PolarDB-X global secondary index
Indexes are the basic components of databases. As early as the 1970s, SystemR has supported multi-dimensional queries by adding indexes. In stand-alone databases, indexes are mainly divided into BTree index, Hash index, full-text index, spatial index, etc. according to the purpose and data structure used. Generally, each table contains a primary key index. Indexes other than the primary key index are collectively referred to as secondary indexes.
Distributed databases that use the storage and computing separation and shared nothing architecture have good horizontal scalability. Through data partitions and stateless computing nodes, computing and storage are allowed to expand and shrink independently. A large number of distributed databases use this architecture (Spanner, CockroachDB, YugabyteDB, etc.).

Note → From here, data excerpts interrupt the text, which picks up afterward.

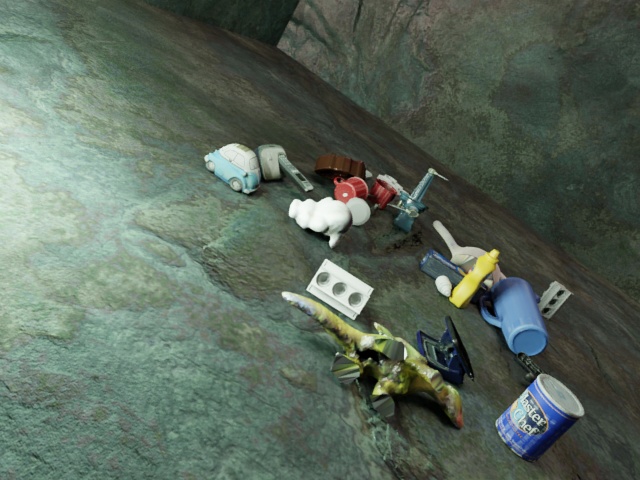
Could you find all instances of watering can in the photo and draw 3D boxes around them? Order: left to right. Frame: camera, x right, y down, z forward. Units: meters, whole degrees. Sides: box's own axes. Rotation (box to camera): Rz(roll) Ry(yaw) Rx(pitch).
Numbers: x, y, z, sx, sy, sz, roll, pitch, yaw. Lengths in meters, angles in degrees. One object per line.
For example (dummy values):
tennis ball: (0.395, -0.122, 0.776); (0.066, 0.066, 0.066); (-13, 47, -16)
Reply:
watering can: (0.492, 0.064, 1.725); (0.351, 0.102, 0.226); (42, 24, 17)

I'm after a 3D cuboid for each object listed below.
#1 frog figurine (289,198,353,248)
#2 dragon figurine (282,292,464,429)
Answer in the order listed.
frog figurine: (0.004, -0.069, 1.369); (0.158, 0.120, 0.140); (40, 40, -11)
dragon figurine: (0.118, 0.217, 1.001); (0.413, 0.122, 0.242); (40, 6, 13)
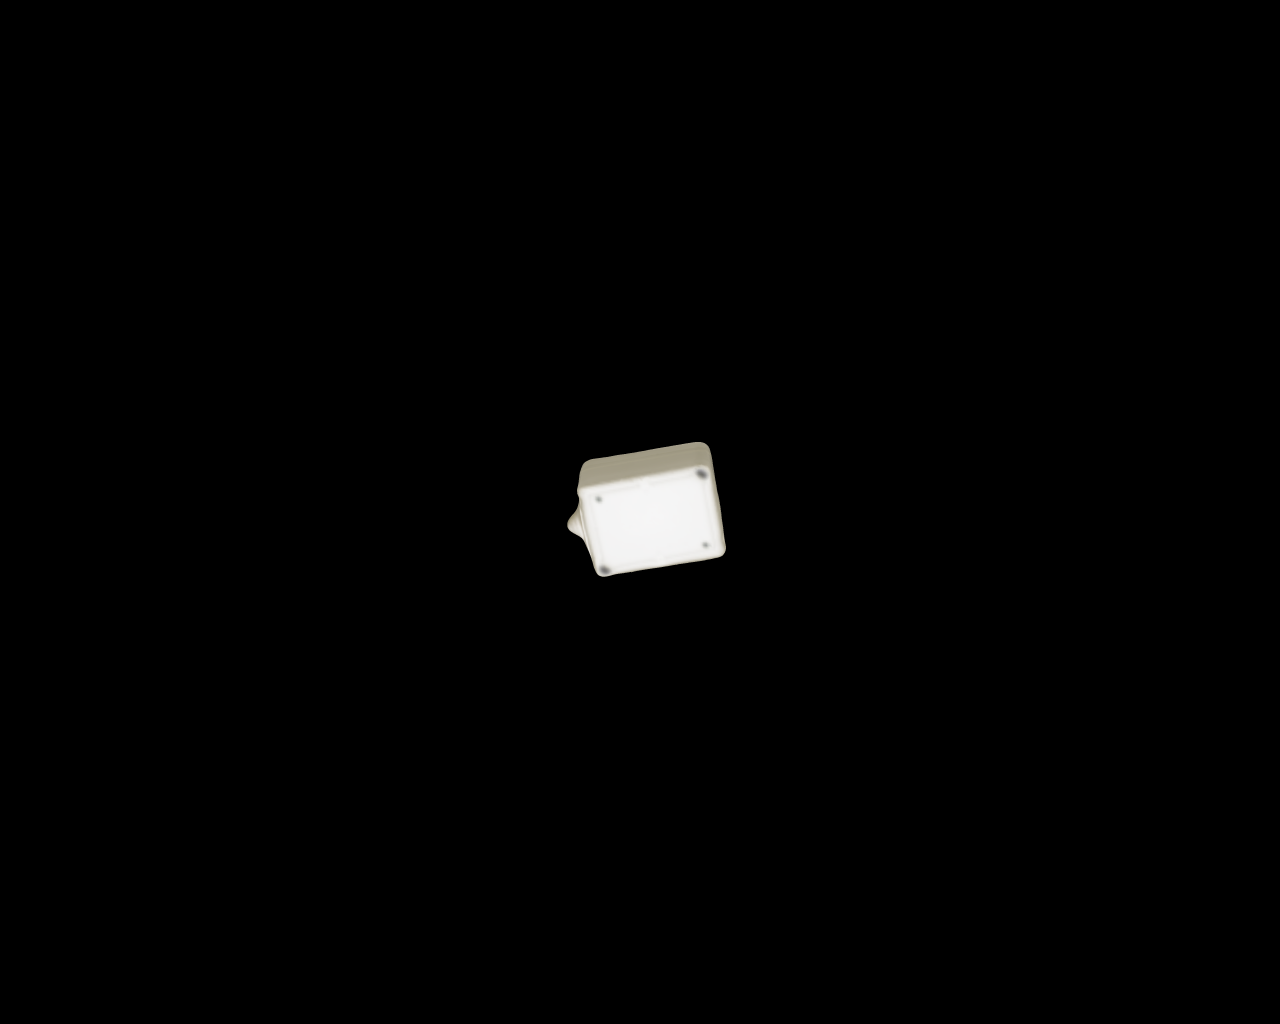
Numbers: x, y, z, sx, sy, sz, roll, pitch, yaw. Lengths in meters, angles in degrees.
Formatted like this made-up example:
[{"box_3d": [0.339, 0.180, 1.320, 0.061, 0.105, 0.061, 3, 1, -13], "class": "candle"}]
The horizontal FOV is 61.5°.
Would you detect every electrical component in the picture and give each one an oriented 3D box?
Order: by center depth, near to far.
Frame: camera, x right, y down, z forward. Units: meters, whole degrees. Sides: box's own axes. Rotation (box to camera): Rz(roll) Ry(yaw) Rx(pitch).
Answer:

What problems does global indexing solve?
The shared nothing architecture introduces the concept of partition. Data needs to be split according to a fixed partition key, which results in queries containing partition keys being able to quickly locate a specific partition, while other queries require full partition scanning. This situation is similar to that in a stand-alone database, querying by primary key can quickly locate the page where the data is located, while querying by non primary key requires full table scanning.
Unlike stand-alone databases, full partition scanning for distributed databases will not only increase the number of slow queries and reduce system throughput, but also may cause the system to lose its linear scalability. Refer to the example below
Before capacity expansion: two storage nodes (DN) and two data partitions. Assume that the physical QPS that a single DN can carry is 3, and the overall physical QPS is 6. Each query is a full partition scan. Logical QPS: 6/2=3
After capacity expansion, there are three storage nodes and three data partitions. The overall physical QPS is 9. Each query is scanned in full partitions. The logical QPS is 9/3=3. The machine cost has increased by 50%, and the query performance has not improved at all!
The stand-alone database uses a secondary index to avoid full table scanning. Specifically, the secondary index selects non primary key columns as keys, and the value part stores the value of the primary key (it may also be a reference to a row record, and the specific implementation does not affect the solution idea). The query process using the secondary index is: first, locate the page according to the index column of the secondary index, read the value of the primary key, and then return the primary key index to query the whole row of records (this step is called back to the table). In essence, the secondary index avoids full table scanning by redundancy of one data, which belongs to the standard idea of system optimization "space for time"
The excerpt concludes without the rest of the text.